Modeling Improved Syllabification Algorithm for Amharic

Publication TypeConference Paper
Year of Publication2011
AuthorsHailu, Nirayo, and Hailemariam Sebsibe
BooktitleAGIS11 - Action Week for Global Information Sharing (AfLaT2011 Breakout Session)
LocationAddis Ababa, Ethiopia

We have done a thesis work with the title Modeling Improved Syllabification Algorithm. In this work, a rule-based automatic syllabification Algorithm for Amharic language using linguistic implementation notions is designed following the Maximal Onset and Sonority Hierarchy principles.
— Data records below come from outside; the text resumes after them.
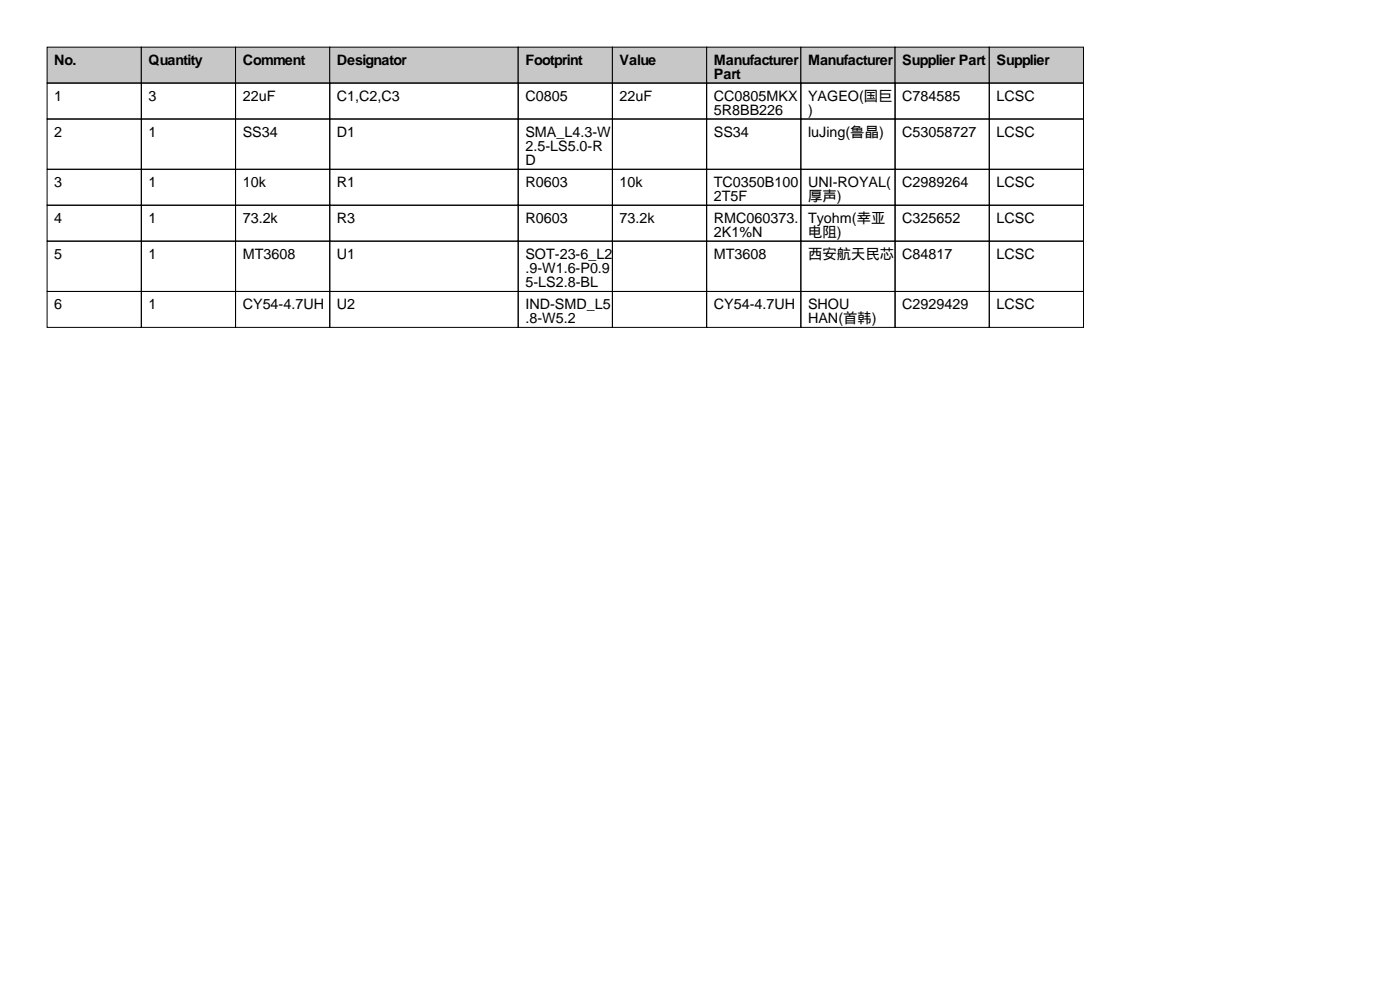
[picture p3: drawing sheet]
<svg xmlns="http://www.w3.org/2000/svg" width="297mm" height="210mm" viewBox="0 0 297 210" stroke-linecap="round" stroke-linejoin="round" font-family="sans-serif">
<defs><g id="words">
<g font-size="3">
<text x="11.5" y="13.7">No.</text>
<text x="31.5" y="13.7">Quantity</text>
<text x="51.5" y="13.7">Comment</text>
<text x="71.5" y="13.7">Designator</text>
<text x="111.5" y="13.7">Footprint</text>
<text x="131.5" y="13.7">Value</text>
<text x="151.5" y="13.7">Manufacturer</text>
<text x="151.5" y="16.8">Part</text>
<text x="171.5" y="13.7">Manufacturer</text>
<text x="191.5" y="13.7">Supplier Part</text>
<text x="211.5" y="13.7">Supplier</text>
<text x="11.5" y="21.3">1</text>
<text x="31.5" y="21.3">3</text>
<text x="51.5" y="21.3">22uF</text>
<text x="71.5" y="21.3">C1,C2,C3</text>
<text x="111.5" y="21.3">C0805</text>
<text x="131.5" y="21.3">22uF</text>
<text x="151.5" y="21.3">CC0805MKX</text>
<text x="171.5" y="21.3">YAGEO(国巨</text>
<text x="191.5" y="21.3">C784585</text>
<text x="211.5" y="21.3">LCSC</text>
<text x="11.5" y="29">2</text>
<text x="31.5" y="29">1</text>
<text x="51.5" y="29">SS34</text>
<text x="71.5" y="29">D1</text>
<text x="111.5" y="29">SMA_L4.3-W</text>
<text x="151.5" y="24.4">5R8BB226</text>
<text x="151.5" y="29">SS34</text>
<text x="171.5" y="24.4">)</text>
<text x="171.5" y="29">luJing(鲁晶)</text>
<text x="191.5" y="29">C53058727</text>
<text x="211.5" y="29">LCSC</text>
<text x="111.5" y="32">2.5-LS5.0-R</text>
<text x="111.5" y="35.1">D</text>
<text x="11.5" y="39.6">3</text>
<text x="31.5" y="39.6">1</text>
<text x="51.5" y="39.6">10k</text>
<text x="71.5" y="39.6">R1</text>
<text x="111.5" y="39.6">R0603</text>
<text x="131.5" y="39.6">10k</text>
<text x="151.5" y="39.6">TC0350B100</text>
<text x="171.5" y="39.6">UNI-ROYAL(</text>
<text x="191.5" y="39.6">C2989264</text>
<text x="211.5" y="39.6">LCSC</text>
<text x="11.5" y="47.2">4</text>
<text x="31.5" y="47.2">1</text>
<text x="51.5" y="47.2">73.2k</text>
<text x="71.5" y="47.2">R3</text>
<text x="111.5" y="47.2">R0603</text>
<text x="131.5" y="47.2">73.2k</text>
<text x="151.5" y="42.7">2T5F</text>
<text x="151.5" y="47.2">RMC060373.</text>
<text x="171.5" y="42.7">厚声)</text>
<text x="171.5" y="47.2">Tyohm(幸亚</text>
<text x="191.5" y="47.2">C325652</text>
<text x="211.5" y="47.2">LCSC</text>
<text x="151.5" y="50.3">2K1%N</text>
<text x="171.5" y="50.3">电阻)</text>
<text x="11.5" y="54.9">5</text>
<text x="31.5" y="54.9">1</text>
<text x="51.5" y="54.9">MT3608</text>
<text x="71.5" y="54.9">U1</text>
<text x="111.5" y="54.9">SOT-23-6_L2</text>
<text x="111.5" y="57.9">.9-W1.6-P0.9</text>
<text x="151.5" y="54.9">MT3608</text>
<text x="171.5" y="54.9">西安航天民芯</text>
<text x="191.5" y="54.9">C84817</text>
<text x="211.5" y="54.9">LCSC</text>
<text x="11.5" y="65.5">6</text>
<text x="31.5" y="65.5">1</text>
<text x="51.5" y="65.5">CY54-4.7UH</text>
<text x="71.5" y="65.5">U2</text>
<text x="111.5" y="61">5-LS2.8-BL</text>
<text x="111.5" y="65.5">IND-SMD_L5</text>
<text x="151.5" y="65.5">CY54-4.7UH</text>
<text x="171.5" y="65.5">SHOU</text>
<text x="191.5" y="65.5">C2929429</text>
<text x="211.5" y="65.5">LCSC</text>
<text x="111.5" y="68.6">.8-W5.2</text>
<text x="171.5" y="68.6">HAN(首韩)</text>
</g>
</g></defs>
<g fill="#c7c7c7" stroke="#000" stroke-width=".21">
<path d="M10 10h20v7.6h-20z"/>
<path d="M30 10h20v7.6h-20z"/>
<path d="M50 10h20v7.6h-20z"/>
<path d="M70 10h40v7.6h-40z"/>
<path d="M110 10h20v7.6h-20z"/>
<path d="M130 10h20v7.6h-20z"/>
<path d="M150 10h20v7.6h-20z"/>
<path d="M170 10h20v7.6h-20z"/>
<path d="M190 10h20v7.6h-20z"/>
<path d="M210 10h20v7.6h-20z"/>
</g>
<g fill="none" stroke="#000" stroke-width=".21">
<path d="M10 17.6h20v7.6h-20zM30 17.6h20v7.6h-20zM50 17.6h20v7.6h-20zM70 17.6h40v7.6h-40zM110 17.6h20v7.6h-20zM130 17.6h20v7.6h-20zM150 17.6h20v7.6h-20zM170 17.6h20v7.6h-20zM190 17.6h20v7.6h-20zM210 17.6h20v7.6h-20zM10 25.2h20v10.7h-20zM10 35.9h20v7.6h-20z"/>
<path d="M30 25.2h20v10.7h-20zM30 35.9h20v7.6h-20zM50 25.2h20v10.7h-20zM50 35.9h20v7.6h-20zM70 25.2h40v10.7h-40zM70 35.9h40v7.6h-40zM110 25.2h20v10.7h-20zM110 35.9h20v7.6h-20zM130 25.2h20v10.7h-20zM130 35.9h20v7.6h-20zM150 25.2h20v10.7h-20zM150 35.9h20v7.6h-20z"/>
<path d="M170 25.2h20v10.7h-20zM170 35.9h20v7.6h-20zM190 25.2h20v10.7h-20zM190 35.9h20v7.6h-20zM210 25.2h20v10.7h-20zM210 35.9h20v7.6h-20zM10 43.5h20v7.6h-20zM10 51.1h20v10.7h-20zM30 43.5h20v7.6h-20zM30 51.1h20v10.7h-20zM50 43.5h20v7.6h-20zM50 51.1h20v10.7h-20z"/>
<path d="M70 43.5h40v7.6h-40zM70 51.1h40v10.7h-40zM110 43.5h20v7.6h-20zM110 51.1h20v10.7h-20zM130 43.5h20v7.6h-20zM130 51.1h20v10.7h-20zM150 43.5h20v7.6h-20zM150 51.1h20v10.7h-20zM170 43.5h20v7.6h-20zM170 51.1h20v10.7h-20zM190 43.5h20v7.6h-20zM190 51.1h20v10.7h-20z"/>
<path d="M210 43.5h20v7.6h-20zM210 51.1h20v10.7h-20zM10 61.8h20v7.6h-20zM30 61.8h20v7.6h-20zM50 61.8h20v7.6h-20zM70 61.8h40v7.6h-40zM110 61.8h20v7.6h-20zM130 61.8h20v7.6h-20zM150 61.8h20v7.6h-20zM170 61.8h20v7.6h-20zM190 61.8h20v7.6h-20zM210 61.8h20v7.6h-20z"/>
</g>
<use href="#words"/>
</svg>

Amharic is one of the most dominant Semitic Language next to Arabic spoken in the eastern part of Africa, Ethiopia. It is a syllabic language in which every grapheme represents consonant-vowel assimilation. However, while reading a text in Amharic, all the CV syllables are not uttered as expected and hence the syllables in the text are not the CV sequence seen in the grapheme sequence. Epenthesis and gemination are a major challenge in Amharic grapheme-to-phoneme conversion because of the failure of Amharic orthography to show epenthetic vowel and geminated consonants. This limits the performance of many Amharic speech systems (such as Text-To-Speech and Automatic Speech Recognition) and other natural language applications. After a thorough study of the syllable structure, identification of linguistic syllabification rules and a survey of the relevant literature, a set of rules were identified and used to design syllabification algorithm. The system was implemented and tested using carefully selected Amharic words. The overall performance of the system gave rise to 98.1% word accuracy rate with very high sensitivity of insertion of epenthesis.